Douglass & Melville: Anchored Together in Neighborly Style
by Robert K. Wallace
Douglass and Melville: Anchored Together in Neighborly Style compares the lives of Frederick Douglass and Herman Melville and shows how these two powerful nineteenth-century figures shared views on important American issues such as race, identity and nationhood. It explores their impact on American culture and the possibility that they were aware of each other’s work.

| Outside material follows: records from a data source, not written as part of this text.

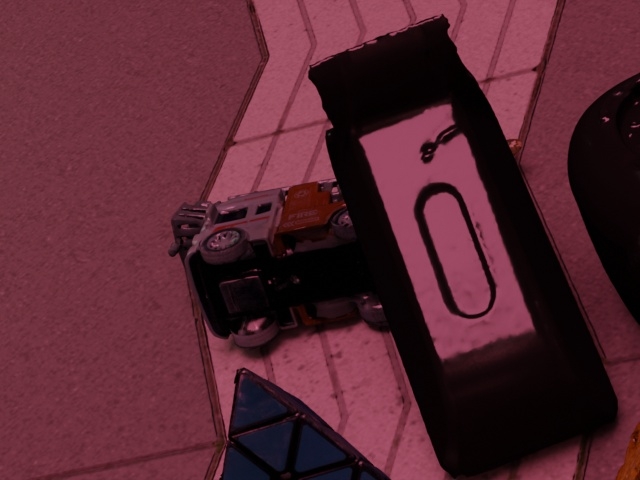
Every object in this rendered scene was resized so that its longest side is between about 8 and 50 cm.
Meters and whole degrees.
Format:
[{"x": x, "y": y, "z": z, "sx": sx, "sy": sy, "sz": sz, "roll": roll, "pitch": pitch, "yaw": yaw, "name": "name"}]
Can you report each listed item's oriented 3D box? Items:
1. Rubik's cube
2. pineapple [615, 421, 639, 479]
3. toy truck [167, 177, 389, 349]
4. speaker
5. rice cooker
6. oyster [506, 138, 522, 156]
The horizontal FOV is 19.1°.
[{"x": 0.013, "y": 0.210, "z": 1.846, "sx": 0.178, "sy": 0.211, "sz": 0.190, "roll": 18, "pitch": 26, "yaw": 14, "name": "Rubik's cube"}, {"x": 0.324, "y": 0.248, "z": 1.619, "sx": 0.164, "sy": 0.140, "sz": 0.250, "roll": 16, "pitch": 58, "yaw": -14, "name": "pineapple"}, {"x": 0.000, "y": 0.000, "z": 2.039, "sx": 0.338, "sy": 0.133, "sz": 0.184, "roll": -11, "pitch": 30, "yaw": 13, "name": "toy truck"}, {"x": 0.126, "y": 0.009, "z": 1.788, "sx": 0.180, "sy": 0.184, "sz": 0.388, "roll": -22, "pitch": 70, "yaw": 4, "name": "speaker"}, {"x": 0.372, "y": -0.048, "z": 1.813, "sx": 0.267, "sy": 0.224, "sz": 0.267, "roll": -14, "pitch": 38, "yaw": 11, "name": "rice cooker"}, {"x": 0.150, "y": -0.080, "z": 2.126, "sx": 0.122, "sy": 0.045, "sz": 0.146, "roll": -49, "pitch": 42, "yaw": -7, "name": "oyster"}]
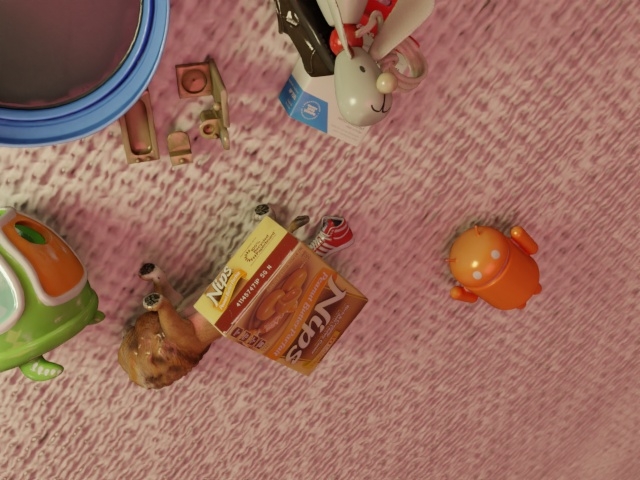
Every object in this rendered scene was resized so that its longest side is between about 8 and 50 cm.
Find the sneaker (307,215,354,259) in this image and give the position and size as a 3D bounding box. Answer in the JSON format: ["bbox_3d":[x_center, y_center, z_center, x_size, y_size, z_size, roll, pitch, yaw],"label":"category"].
[{"bbox_3d":[0.000,0.000,1.311,0.118,0.042,0.067,-29,132,-8],"label":"sneaker"}]

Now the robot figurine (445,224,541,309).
[{"bbox_3d":[0.333,0.055,1.412,0.158,0.128,0.219,-17,140,43],"label":"robot figurine"}]

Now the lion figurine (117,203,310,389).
[{"bbox_3d":[-0.177,0.110,1.269,0.392,0.142,0.240,-23,135,-8],"label":"lion figurine"}]

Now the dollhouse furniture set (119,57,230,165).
[{"bbox_3d":[-0.214,-0.167,1.069,0.151,0.123,0.144,-10,126,-13],"label":"dollhouse furniture set"}]

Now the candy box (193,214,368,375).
[{"bbox_3d":[-0.052,0.104,1.226,0.183,0.087,0.316,-51,148,-2],"label":"candy box"}]

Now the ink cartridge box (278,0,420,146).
[{"bbox_3d":[0.052,-0.276,1.116,0.134,0.078,0.231,19,115,-28],"label":"ink cartridge box"}]

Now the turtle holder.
[{"bbox_3d":[-0.504,0.080,1.100,0.320,0.243,0.227,-3,116,31],"label":"turtle holder"}]

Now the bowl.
[{"bbox_3d":[-0.390,-0.309,0.932,0.391,0.077,0.391,-8,124,-12],"label":"bowl"}]

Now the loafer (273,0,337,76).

Today, Douglass and Melville have resurfaced as important figures in our cultural legacy. Frederick Douglass has become a necessary figure in our understanding of African-American history and literature. His speeches, essays, and autobiographies are increasingly regaining the kind of wide circulation they enjoyed in his lifetime. Melville’s status has continued to expand during the last four decades as a variety of his texts are now being appreciated for their multicultural insights. Melville is now valued for addressing many of the same contemporary issues that have brought new attention to the writings of Frederick Douglass. Although Douglass and Melville are regaining some of the cultural centrality they had during their lifetimes (1845-1855), their achievements still tend to be seen separately rather than together. Melville is often treated as a “white” American figure and Douglass as a “black” African-American figure—even though the lives and writings of each man take us “beyond the color line” in ways our culture needs to appreciate and understand. Academic disciplines tend to confine Melville to the literary curriculum, whereas Douglass can be found in history and political science as well as literature. Yet the works of both men cross disciplinary boundaries with a keen holistic vision. They were among the most insightful observers of race, slavery, and freedom in the nineteenth-century.